Oh Jin uyuyor, eşit nefes alıyor.
-Uzmanlığınız bir şeyi çalmıyor mu?
Cassia'nın sesi kulaklarımda çaldı.
“BENCE...”
Isabella elini uyuyan Ojin'e uzattı.
Yanağına nazikçe dokundum ve eşit nefes alırken dudaklarını yumuşattım.
Yumuşak dudakların hissi.
Bastırılan yoğun dürtü kaynatılmış.
“Hmm?”
Popüler mi hissetti?
Oh Jin, uyuyan Jin gözlerini açtı.
“... Isabella?”
“Uyanık mısın?”
Isabella, kalkmaya çalışırken Ojin'in göğsüne hafifçe bastırdı ve onu yatağa bıraktı.

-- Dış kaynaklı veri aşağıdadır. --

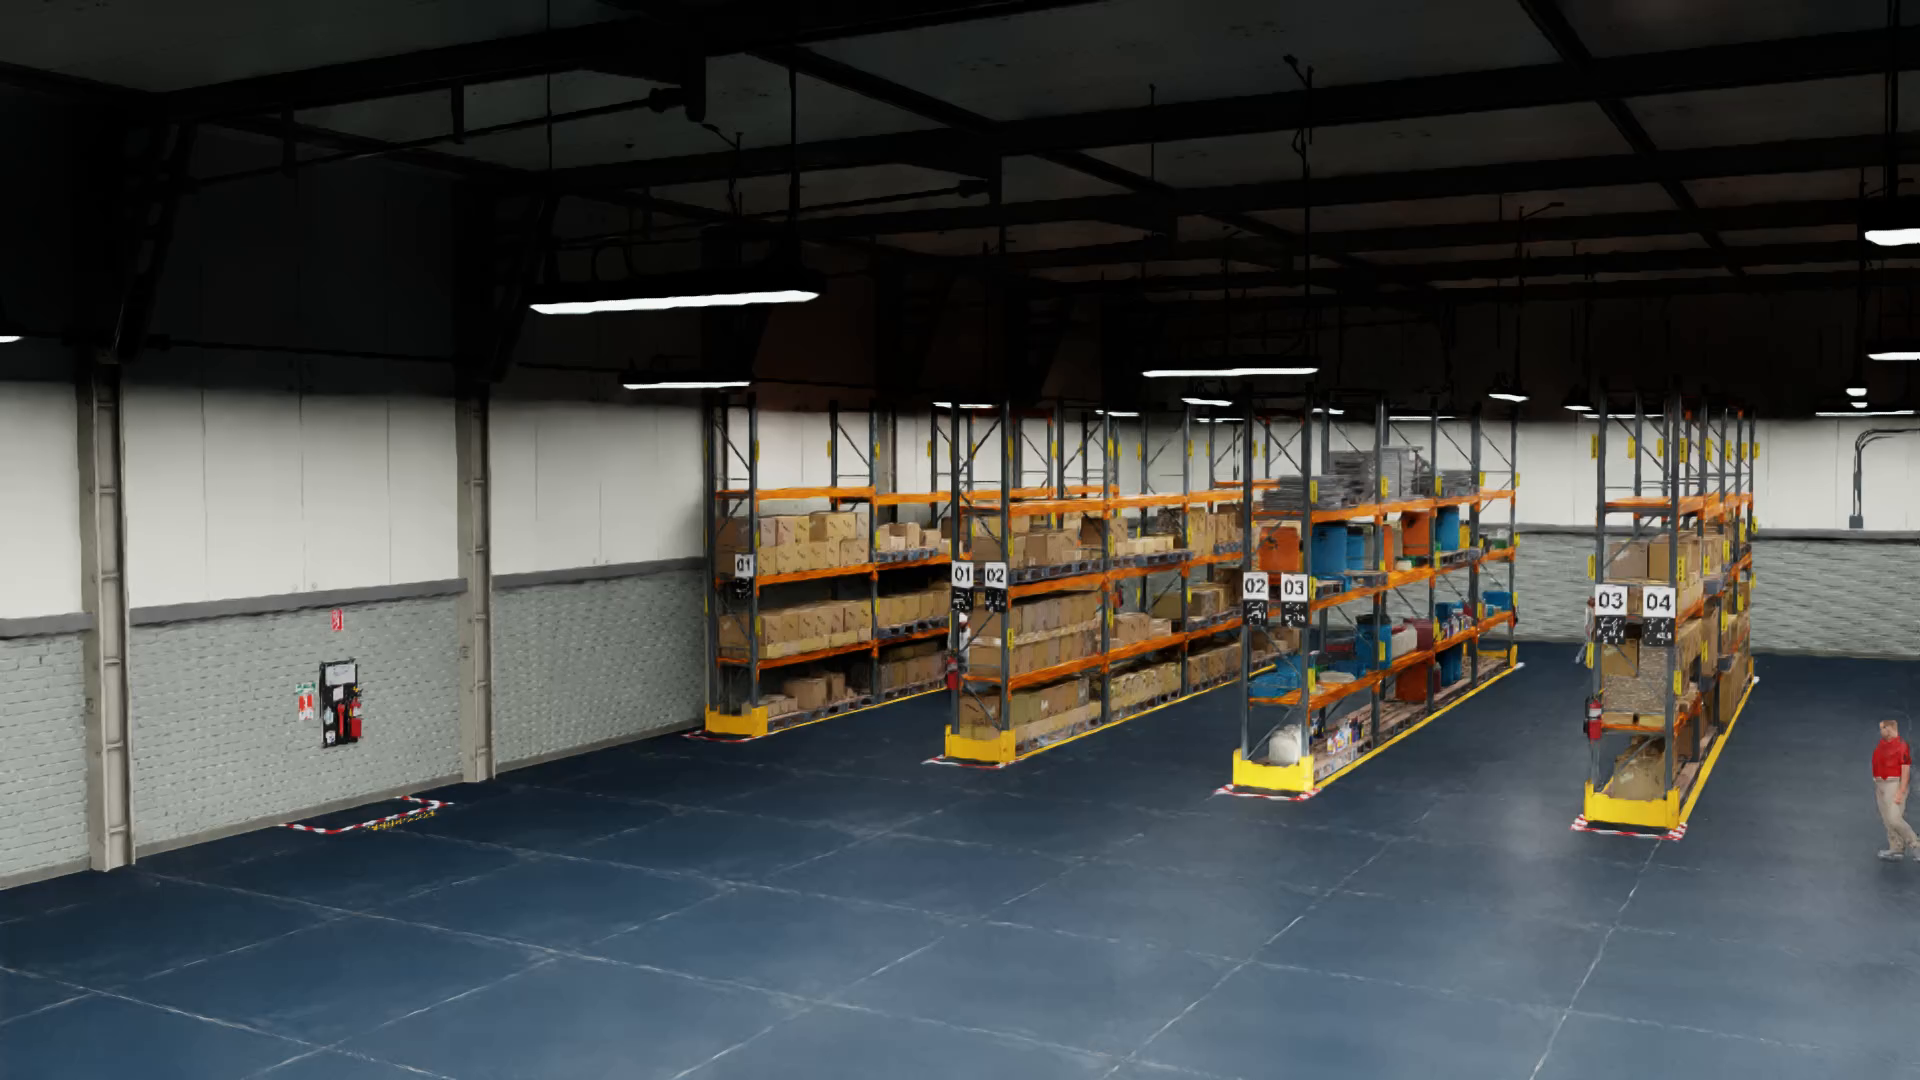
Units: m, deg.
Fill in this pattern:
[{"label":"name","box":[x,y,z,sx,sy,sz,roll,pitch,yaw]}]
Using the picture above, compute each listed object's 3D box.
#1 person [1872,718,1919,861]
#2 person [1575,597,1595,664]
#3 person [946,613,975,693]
[{"label":"person","box":[11.430,3.035,20.287,0.480,1.718,0.706,0,3,-3]},{"label":"person","box":[14.604,2.108,38.707,0.574,1.588,0.428,-2,4,-38]},{"label":"person","box":[0.079,2.318,33.746,0.683,1.714,0.837,1,3,12]}]

“Benimle paylaştığın söz...“ Hatırlıyor musun? ”
“söz?”
“Evet. “Bu, dönme çarkta verdiğimiz bir söz.”
“... Durum buysa.”
Oh Jin'in ifadesi sertleşti.
Gaecheon'un etkileri nedeniyle, onunla konuştuğum şeyle ilgili anılarımı tamamen kaybetmiştim.
“Üzgünüm. Daha önce söylediğim gibi hatırlıyorum... “
“Sana söylemem gerek, değil mi?”
Isabella yatağa tırmandı.
Ojin'e nefes kesen çekici gözlerle baktı ve sessizce konuştu.
“Ah Jin...”
Bir anlık tereddüt.
Ona çelişkili gözlerle bakan Isabella, vücudunu onu eziyormuş gibi Ojin'in üstüne koydu.
“Beni 'ilk' yapacağını söyledin.”
O gün dönme dolapta ne olduğunu hatırlamıyor.
Daha sonra.
Birincisi olabilirsin, ikincisi değil.
Ha-eun değil, kendiniz.
Sen onun en değerli insanı olursun.
“Ah Jin... sözünü tutacak mısın?”
Isabella ona şehvetli gözlerle baktı ve sıcak bir nefes verdi.